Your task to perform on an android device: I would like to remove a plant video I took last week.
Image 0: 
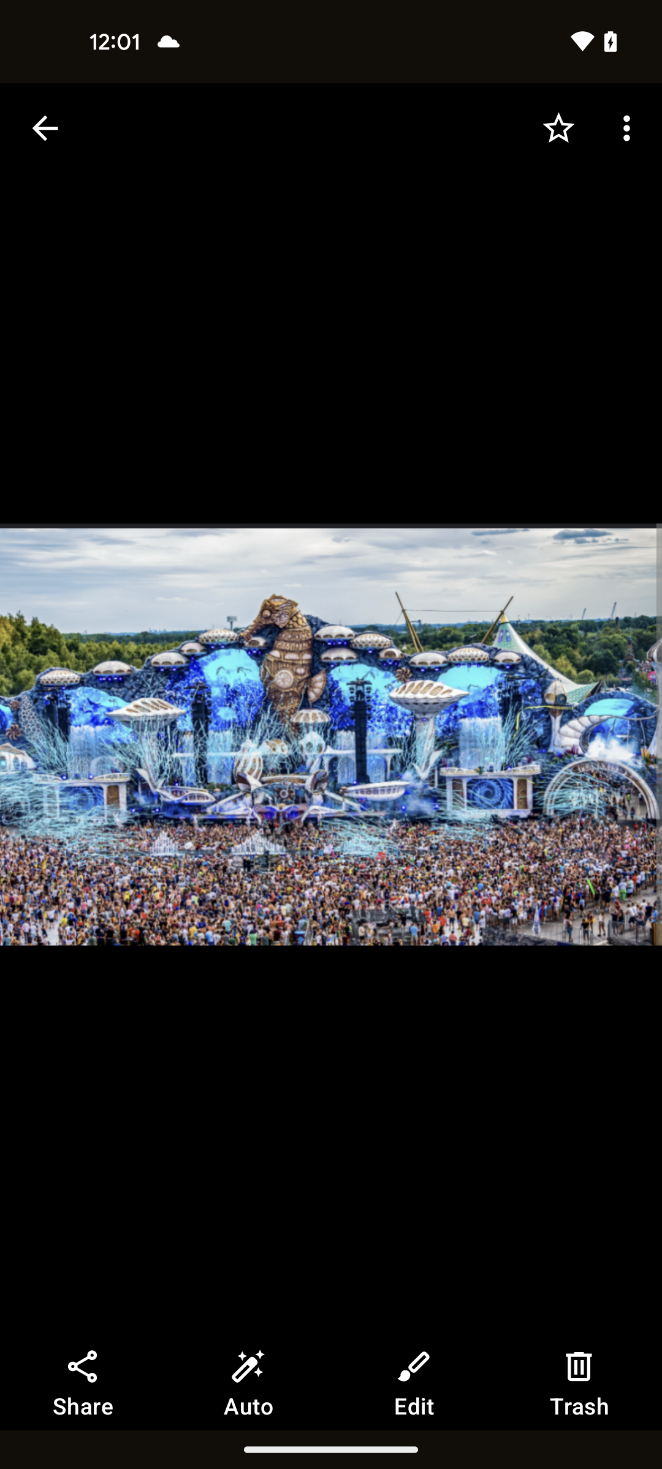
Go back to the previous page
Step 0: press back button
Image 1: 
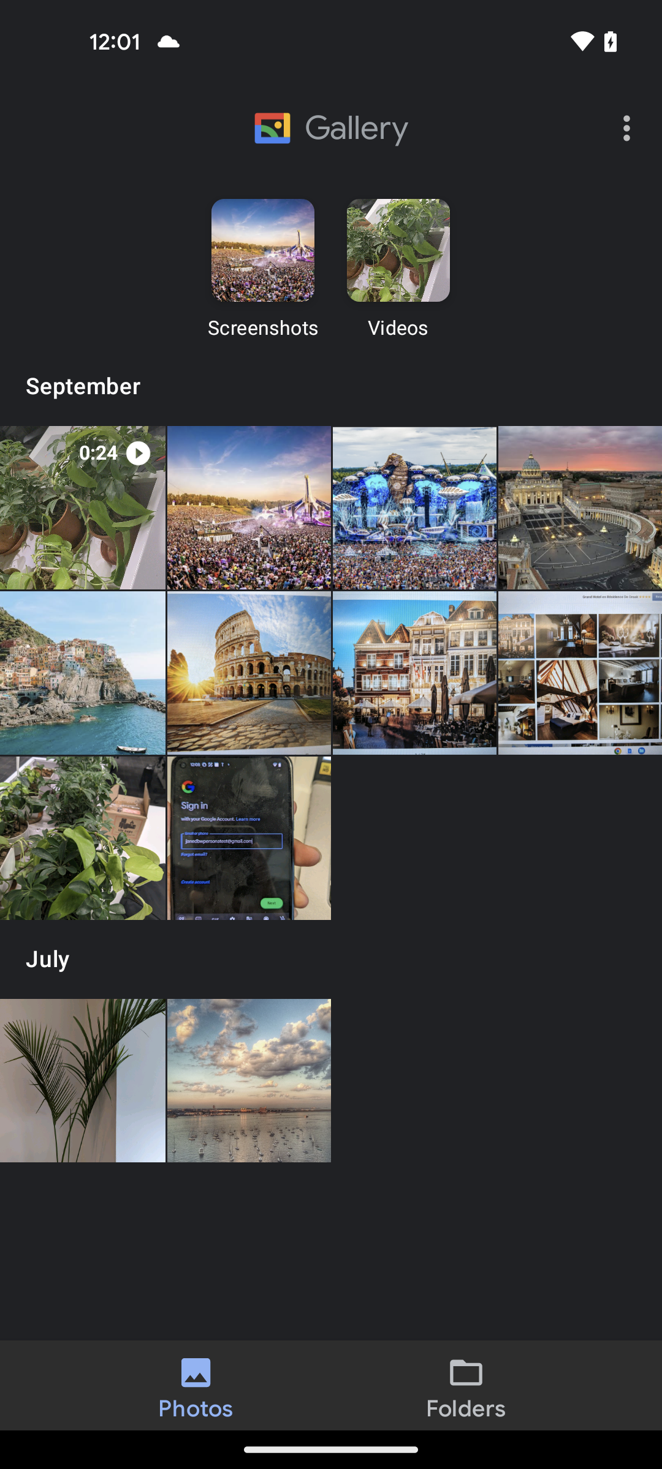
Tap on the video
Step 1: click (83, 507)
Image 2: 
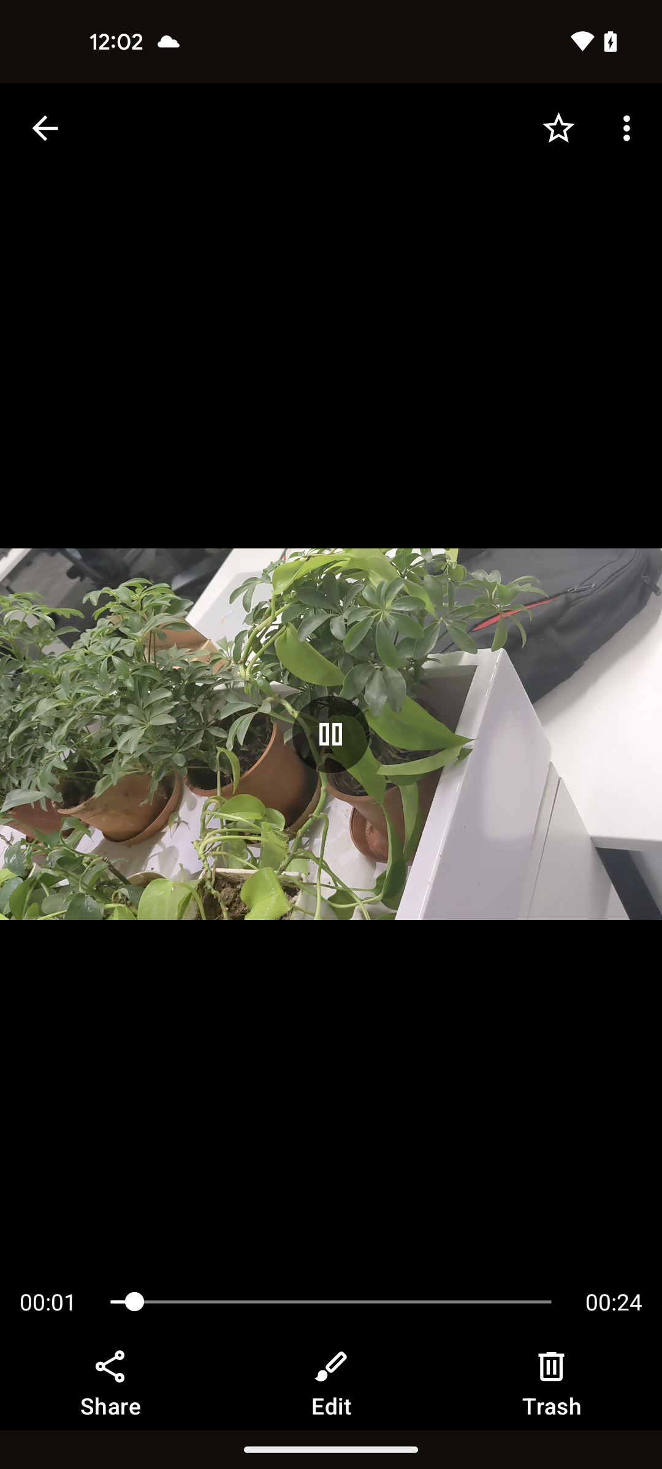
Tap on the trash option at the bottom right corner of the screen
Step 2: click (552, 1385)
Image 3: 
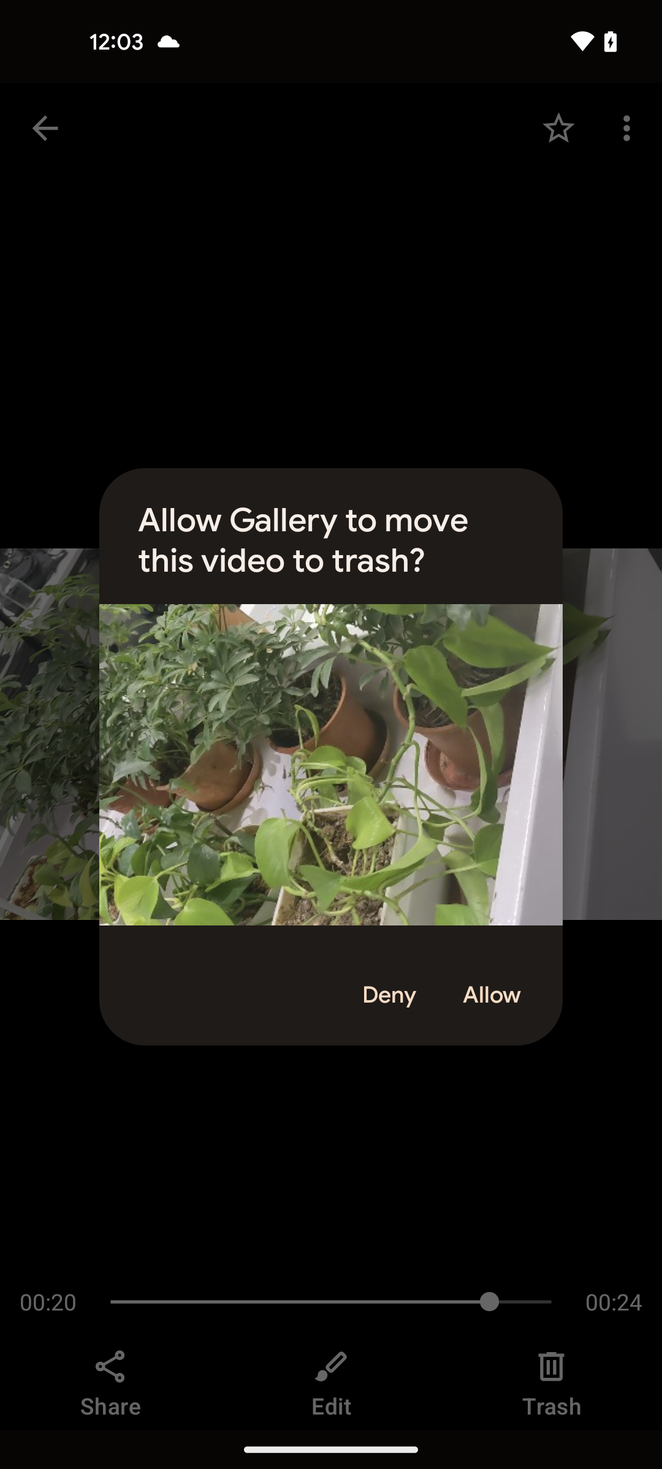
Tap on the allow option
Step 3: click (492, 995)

• [TASK REQUIREMENTS]: All that the answer may contain is the exact text of the lines from the one with "Go back to the previous page" through the last line of the material, pictures excluded.

• [OUTPUT FOR THIS EXERCISE]:
Go back to the previous page
Step 0: press back button
Image 1: 
Tap on the video
Step 1: click (83, 507)
Image 2: 
Tap on the trash option at the bottom right corner of the screen
Step 2: click (552, 1385)
Image 3: 
Tap on the allow option
Step 3: click (492, 995)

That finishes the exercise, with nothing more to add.